Records contained in a dataset
☆ ☆ ☆

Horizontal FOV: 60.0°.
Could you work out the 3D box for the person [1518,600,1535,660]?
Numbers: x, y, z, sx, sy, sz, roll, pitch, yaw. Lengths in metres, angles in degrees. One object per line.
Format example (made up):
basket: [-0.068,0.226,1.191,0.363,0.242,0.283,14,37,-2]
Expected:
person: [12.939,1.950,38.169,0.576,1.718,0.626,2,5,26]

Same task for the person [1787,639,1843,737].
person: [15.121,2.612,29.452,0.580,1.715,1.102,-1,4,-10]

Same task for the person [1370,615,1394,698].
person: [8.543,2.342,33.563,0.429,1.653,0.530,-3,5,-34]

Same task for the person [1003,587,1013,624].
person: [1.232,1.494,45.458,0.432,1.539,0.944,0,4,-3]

☆ ☆ ☆

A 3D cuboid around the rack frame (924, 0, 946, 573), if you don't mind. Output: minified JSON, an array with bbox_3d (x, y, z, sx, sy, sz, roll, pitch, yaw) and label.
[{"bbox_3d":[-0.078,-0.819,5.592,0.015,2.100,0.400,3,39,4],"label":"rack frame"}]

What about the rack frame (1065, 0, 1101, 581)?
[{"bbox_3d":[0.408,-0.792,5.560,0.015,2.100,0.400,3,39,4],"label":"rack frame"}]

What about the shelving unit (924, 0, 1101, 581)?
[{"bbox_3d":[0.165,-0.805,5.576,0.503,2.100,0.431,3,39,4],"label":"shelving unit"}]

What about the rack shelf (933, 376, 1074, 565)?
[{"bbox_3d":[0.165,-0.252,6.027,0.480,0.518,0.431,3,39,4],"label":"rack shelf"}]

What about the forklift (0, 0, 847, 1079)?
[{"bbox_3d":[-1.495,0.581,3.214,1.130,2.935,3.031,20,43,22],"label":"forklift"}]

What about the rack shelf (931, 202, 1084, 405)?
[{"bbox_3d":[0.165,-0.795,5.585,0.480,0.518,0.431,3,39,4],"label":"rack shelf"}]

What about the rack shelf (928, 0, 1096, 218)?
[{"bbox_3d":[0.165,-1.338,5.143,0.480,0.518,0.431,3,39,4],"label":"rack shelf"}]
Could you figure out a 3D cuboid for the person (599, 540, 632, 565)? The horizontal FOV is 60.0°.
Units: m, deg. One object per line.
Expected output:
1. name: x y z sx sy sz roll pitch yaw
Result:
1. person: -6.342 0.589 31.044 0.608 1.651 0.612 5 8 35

☆ ☆ ☆

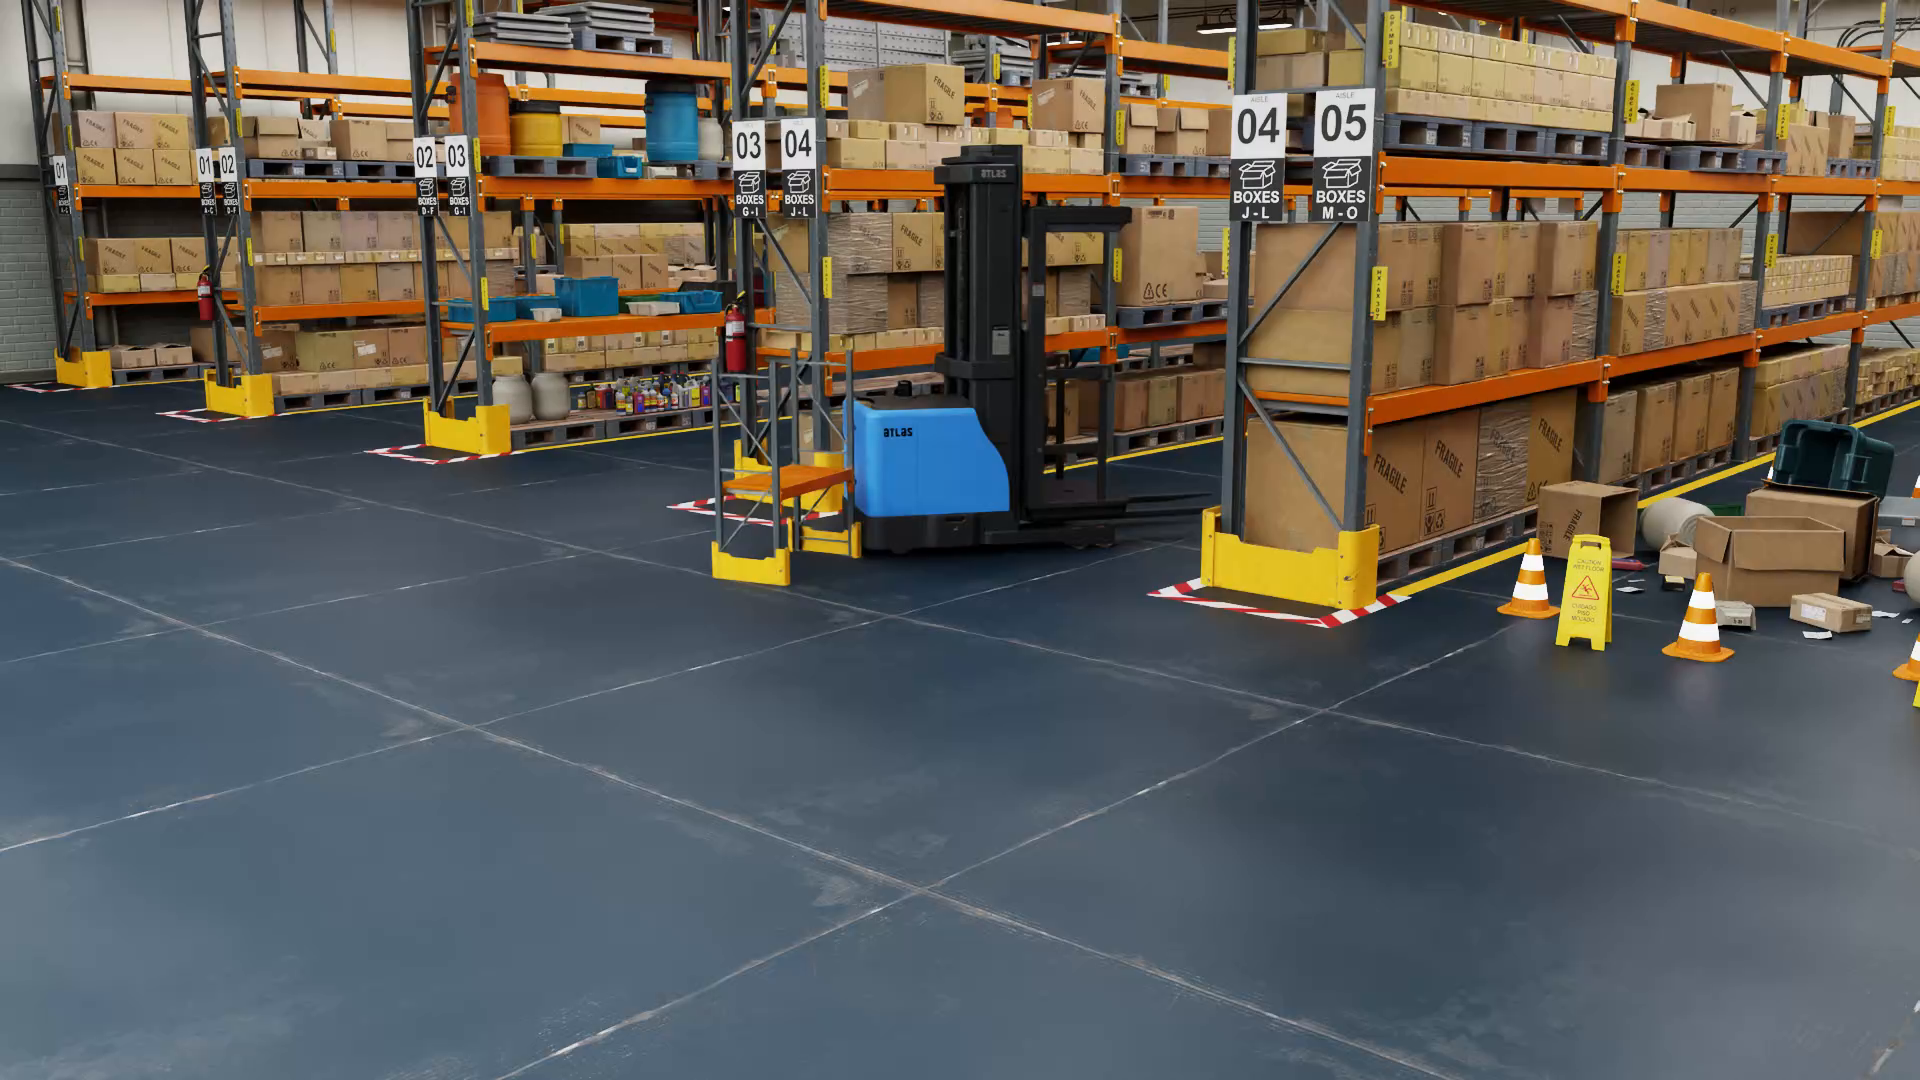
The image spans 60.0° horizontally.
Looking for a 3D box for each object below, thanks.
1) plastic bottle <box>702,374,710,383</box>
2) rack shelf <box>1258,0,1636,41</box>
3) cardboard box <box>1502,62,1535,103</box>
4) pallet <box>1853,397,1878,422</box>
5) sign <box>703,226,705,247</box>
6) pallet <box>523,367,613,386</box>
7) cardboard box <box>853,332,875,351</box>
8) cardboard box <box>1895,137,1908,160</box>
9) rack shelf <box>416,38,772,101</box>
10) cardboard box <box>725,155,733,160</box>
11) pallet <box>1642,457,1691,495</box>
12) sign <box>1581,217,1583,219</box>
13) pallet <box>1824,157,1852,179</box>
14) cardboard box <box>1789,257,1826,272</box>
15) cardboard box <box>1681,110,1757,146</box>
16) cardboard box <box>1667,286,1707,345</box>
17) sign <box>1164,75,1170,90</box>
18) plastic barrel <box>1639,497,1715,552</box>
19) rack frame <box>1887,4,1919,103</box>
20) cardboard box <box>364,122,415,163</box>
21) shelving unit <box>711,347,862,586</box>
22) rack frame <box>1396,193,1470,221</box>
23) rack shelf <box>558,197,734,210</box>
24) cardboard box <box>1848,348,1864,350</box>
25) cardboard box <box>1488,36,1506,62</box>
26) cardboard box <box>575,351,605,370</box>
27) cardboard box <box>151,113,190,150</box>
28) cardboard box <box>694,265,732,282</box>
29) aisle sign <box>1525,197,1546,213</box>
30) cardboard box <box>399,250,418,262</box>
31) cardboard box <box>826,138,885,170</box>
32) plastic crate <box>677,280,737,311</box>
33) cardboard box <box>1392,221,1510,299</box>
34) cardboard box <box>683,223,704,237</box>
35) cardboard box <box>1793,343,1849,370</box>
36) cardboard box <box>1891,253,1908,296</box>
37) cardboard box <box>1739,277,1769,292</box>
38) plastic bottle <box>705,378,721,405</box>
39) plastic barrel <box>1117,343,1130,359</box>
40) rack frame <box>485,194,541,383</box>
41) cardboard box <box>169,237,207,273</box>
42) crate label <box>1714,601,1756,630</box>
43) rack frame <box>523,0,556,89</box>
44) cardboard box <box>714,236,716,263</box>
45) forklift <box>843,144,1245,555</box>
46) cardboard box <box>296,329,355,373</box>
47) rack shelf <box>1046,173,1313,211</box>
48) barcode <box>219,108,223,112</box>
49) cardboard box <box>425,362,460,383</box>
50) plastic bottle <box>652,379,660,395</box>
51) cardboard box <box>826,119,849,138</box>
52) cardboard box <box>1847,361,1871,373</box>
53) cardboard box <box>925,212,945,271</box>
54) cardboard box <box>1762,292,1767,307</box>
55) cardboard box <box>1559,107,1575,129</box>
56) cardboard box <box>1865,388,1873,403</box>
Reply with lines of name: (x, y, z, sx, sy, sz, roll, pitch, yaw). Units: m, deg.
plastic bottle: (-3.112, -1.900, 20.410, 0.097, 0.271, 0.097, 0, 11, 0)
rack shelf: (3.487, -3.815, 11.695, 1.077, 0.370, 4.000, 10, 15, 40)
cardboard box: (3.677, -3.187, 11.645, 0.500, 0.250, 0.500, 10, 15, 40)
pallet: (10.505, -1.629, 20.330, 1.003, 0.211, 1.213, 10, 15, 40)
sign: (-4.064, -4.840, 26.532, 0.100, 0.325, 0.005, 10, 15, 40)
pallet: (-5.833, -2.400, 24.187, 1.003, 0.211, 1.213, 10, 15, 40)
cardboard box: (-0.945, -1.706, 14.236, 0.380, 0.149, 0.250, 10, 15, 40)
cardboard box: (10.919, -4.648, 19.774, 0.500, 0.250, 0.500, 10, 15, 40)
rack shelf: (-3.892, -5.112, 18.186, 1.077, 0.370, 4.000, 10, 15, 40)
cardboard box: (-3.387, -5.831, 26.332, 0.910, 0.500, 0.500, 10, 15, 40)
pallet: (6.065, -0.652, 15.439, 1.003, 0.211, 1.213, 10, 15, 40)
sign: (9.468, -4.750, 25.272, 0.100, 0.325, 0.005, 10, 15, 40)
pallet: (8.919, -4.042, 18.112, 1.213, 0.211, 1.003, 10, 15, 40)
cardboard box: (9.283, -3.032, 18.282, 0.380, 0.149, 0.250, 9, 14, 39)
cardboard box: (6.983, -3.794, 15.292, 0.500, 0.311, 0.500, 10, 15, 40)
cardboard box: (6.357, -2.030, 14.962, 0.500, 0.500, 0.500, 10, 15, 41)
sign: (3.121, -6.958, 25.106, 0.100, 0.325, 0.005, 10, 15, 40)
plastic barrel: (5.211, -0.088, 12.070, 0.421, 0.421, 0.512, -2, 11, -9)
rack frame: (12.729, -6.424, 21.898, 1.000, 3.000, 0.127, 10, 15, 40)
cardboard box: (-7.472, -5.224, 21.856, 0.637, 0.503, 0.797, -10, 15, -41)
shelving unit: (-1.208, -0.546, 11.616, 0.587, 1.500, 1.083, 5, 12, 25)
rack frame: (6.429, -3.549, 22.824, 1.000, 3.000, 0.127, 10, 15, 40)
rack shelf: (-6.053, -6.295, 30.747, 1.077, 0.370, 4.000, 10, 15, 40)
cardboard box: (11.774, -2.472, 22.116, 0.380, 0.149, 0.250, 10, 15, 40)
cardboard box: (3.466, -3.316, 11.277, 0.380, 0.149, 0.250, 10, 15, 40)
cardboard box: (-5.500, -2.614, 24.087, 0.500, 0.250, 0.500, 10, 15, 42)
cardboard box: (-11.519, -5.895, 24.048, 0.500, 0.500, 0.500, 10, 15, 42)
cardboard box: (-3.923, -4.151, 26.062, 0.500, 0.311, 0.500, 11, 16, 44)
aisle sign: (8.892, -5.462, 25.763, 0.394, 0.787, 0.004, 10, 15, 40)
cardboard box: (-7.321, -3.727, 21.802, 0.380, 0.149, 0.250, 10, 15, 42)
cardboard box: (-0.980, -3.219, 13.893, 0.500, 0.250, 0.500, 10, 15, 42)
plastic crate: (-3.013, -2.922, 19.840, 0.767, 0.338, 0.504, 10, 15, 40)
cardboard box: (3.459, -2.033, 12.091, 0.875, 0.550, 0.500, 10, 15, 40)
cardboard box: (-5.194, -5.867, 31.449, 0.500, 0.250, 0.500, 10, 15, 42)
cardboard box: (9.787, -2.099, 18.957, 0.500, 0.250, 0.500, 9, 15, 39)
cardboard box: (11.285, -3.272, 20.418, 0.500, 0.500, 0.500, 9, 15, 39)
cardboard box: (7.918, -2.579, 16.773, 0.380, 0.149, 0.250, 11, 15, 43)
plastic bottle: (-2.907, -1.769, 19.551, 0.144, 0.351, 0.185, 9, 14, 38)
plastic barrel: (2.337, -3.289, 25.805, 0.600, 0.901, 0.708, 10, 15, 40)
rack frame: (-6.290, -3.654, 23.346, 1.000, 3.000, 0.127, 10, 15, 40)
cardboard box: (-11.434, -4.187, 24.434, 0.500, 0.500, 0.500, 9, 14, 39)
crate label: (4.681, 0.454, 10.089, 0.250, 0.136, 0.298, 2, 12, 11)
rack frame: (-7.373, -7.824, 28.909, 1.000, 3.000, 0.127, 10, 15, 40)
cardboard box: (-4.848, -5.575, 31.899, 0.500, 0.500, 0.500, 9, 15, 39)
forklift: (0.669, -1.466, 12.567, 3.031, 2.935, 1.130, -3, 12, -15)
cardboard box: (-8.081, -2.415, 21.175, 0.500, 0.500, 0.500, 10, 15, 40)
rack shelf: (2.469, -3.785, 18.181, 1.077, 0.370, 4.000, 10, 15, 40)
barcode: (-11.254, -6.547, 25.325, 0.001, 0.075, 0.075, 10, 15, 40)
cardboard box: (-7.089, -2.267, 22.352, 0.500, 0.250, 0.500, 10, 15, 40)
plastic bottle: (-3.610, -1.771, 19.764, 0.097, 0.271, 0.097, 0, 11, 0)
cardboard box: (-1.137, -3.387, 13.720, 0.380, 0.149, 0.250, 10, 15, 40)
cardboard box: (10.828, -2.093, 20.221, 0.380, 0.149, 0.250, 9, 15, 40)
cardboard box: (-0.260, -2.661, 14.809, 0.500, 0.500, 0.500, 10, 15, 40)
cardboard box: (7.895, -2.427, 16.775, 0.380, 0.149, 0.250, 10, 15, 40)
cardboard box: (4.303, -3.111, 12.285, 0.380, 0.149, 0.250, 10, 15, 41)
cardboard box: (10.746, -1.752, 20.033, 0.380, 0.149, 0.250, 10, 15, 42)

☆ ☆ ☆

What the task asks: Which lines above run from the one containing "11) pallet <box>1642,457,1691,495</box>" to the one containing "31) cardboard box <box>826,138,885,170</box>"? Give them again exactly, both ends included.

Answer to this problem:
11) pallet <box>1642,457,1691,495</box>
12) sign <box>1581,217,1583,219</box>
13) pallet <box>1824,157,1852,179</box>
14) cardboard box <box>1789,257,1826,272</box>
15) cardboard box <box>1681,110,1757,146</box>
16) cardboard box <box>1667,286,1707,345</box>
17) sign <box>1164,75,1170,90</box>
18) plastic barrel <box>1639,497,1715,552</box>
19) rack frame <box>1887,4,1919,103</box>
20) cardboard box <box>364,122,415,163</box>
21) shelving unit <box>711,347,862,586</box>
22) rack frame <box>1396,193,1470,221</box>
23) rack shelf <box>558,197,734,210</box>
24) cardboard box <box>1848,348,1864,350</box>
25) cardboard box <box>1488,36,1506,62</box>
26) cardboard box <box>575,351,605,370</box>
27) cardboard box <box>151,113,190,150</box>
28) cardboard box <box>694,265,732,282</box>
29) aisle sign <box>1525,197,1546,213</box>
30) cardboard box <box>399,250,418,262</box>
31) cardboard box <box>826,138,885,170</box>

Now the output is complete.